Intro
Birth can be calm, intense, unpredictable, or all of these within the same hour. Most changes in late pregnancy, labor, and the early postpartum period are not emergencies, but some symptoms should never be watched at home because rapid assessment can protect the birthing person and baby.
This article explains emergency warning signs and when to call a doctor, maternity triage, emergency medical services, or go to the emergency department. It is written for readers who are comfortable with medical terms, while still emphasizing a practical rule: if something feels seriously wrong, it is appropriate to seek help immediately.
Highlights
Call emergency services for life-threatening symptoms such as difficulty breathing, chest pain, fainting, confusion, seizures, poisoning, or uncontrolled bleeding.
In pregnancy and the postpartum period, heavy vaginal bleeding, severe headache with neurologic symptoms, reduced fetal movement, or signs of sepsis require urgent medical assessment.
Maternity triage is often the safest first call for urgent labor-related concerns, but it should not delay emergency care if the person is unstable.
It is better to be evaluated and reassured than to stay home with a potentially time-sensitive obstetric or medical emergency.
Why emergency warning signs matter around birth
The period around birth is physiologically demanding.

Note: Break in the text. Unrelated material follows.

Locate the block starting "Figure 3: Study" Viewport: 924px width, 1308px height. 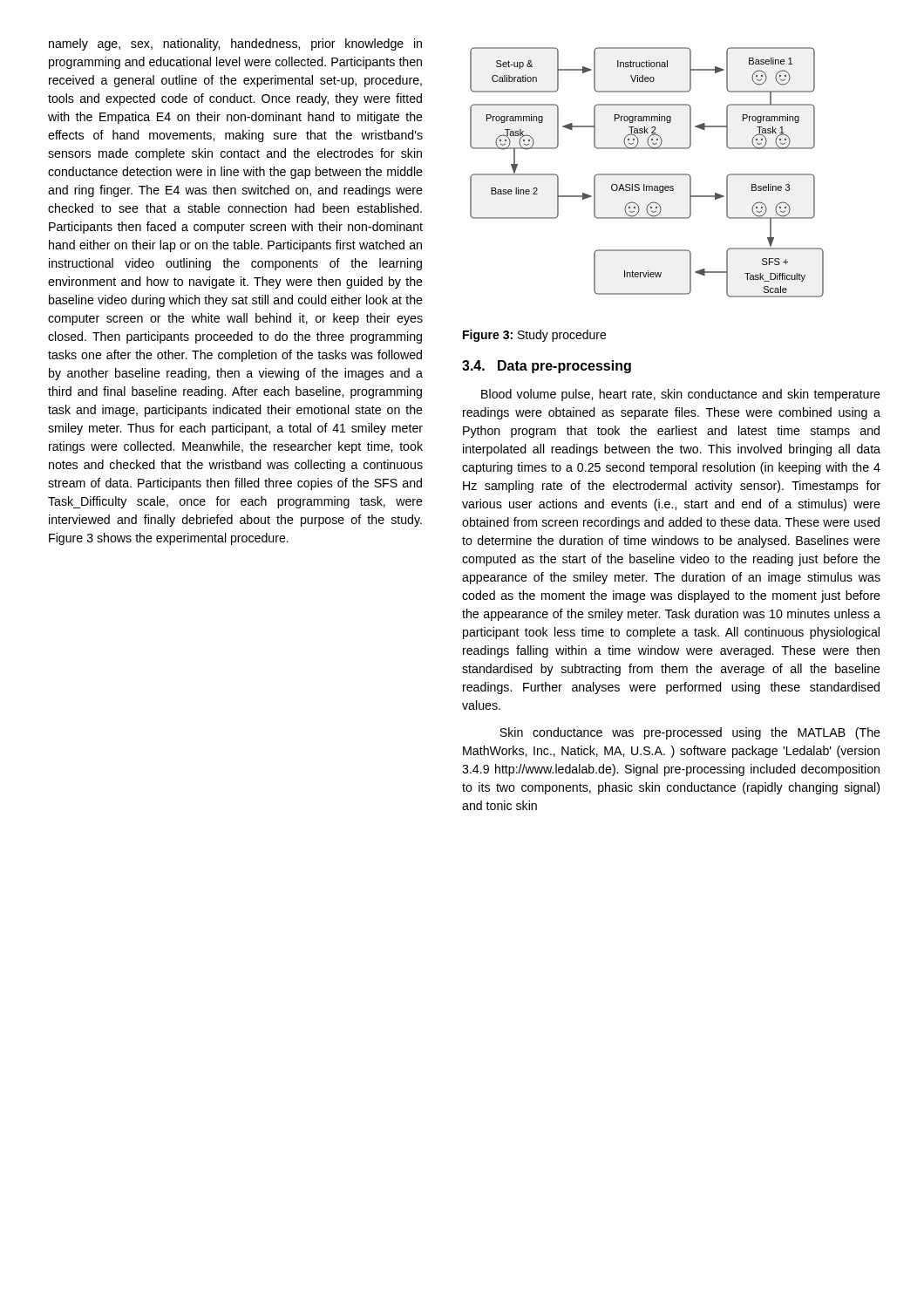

Blood volume, cardiac output, coagulation activity, respiratory effort, immune response, and fluid balance all shift substantially. These changes are usually well tolerated, but they can also mask early deterioration. For example, mild shortness of breath may occur in late pregnancy, while sudden severe breathlessness, cyanosis, chest pain, fainting, or a sense of impending collapse is not normal and should be treated as an emergency.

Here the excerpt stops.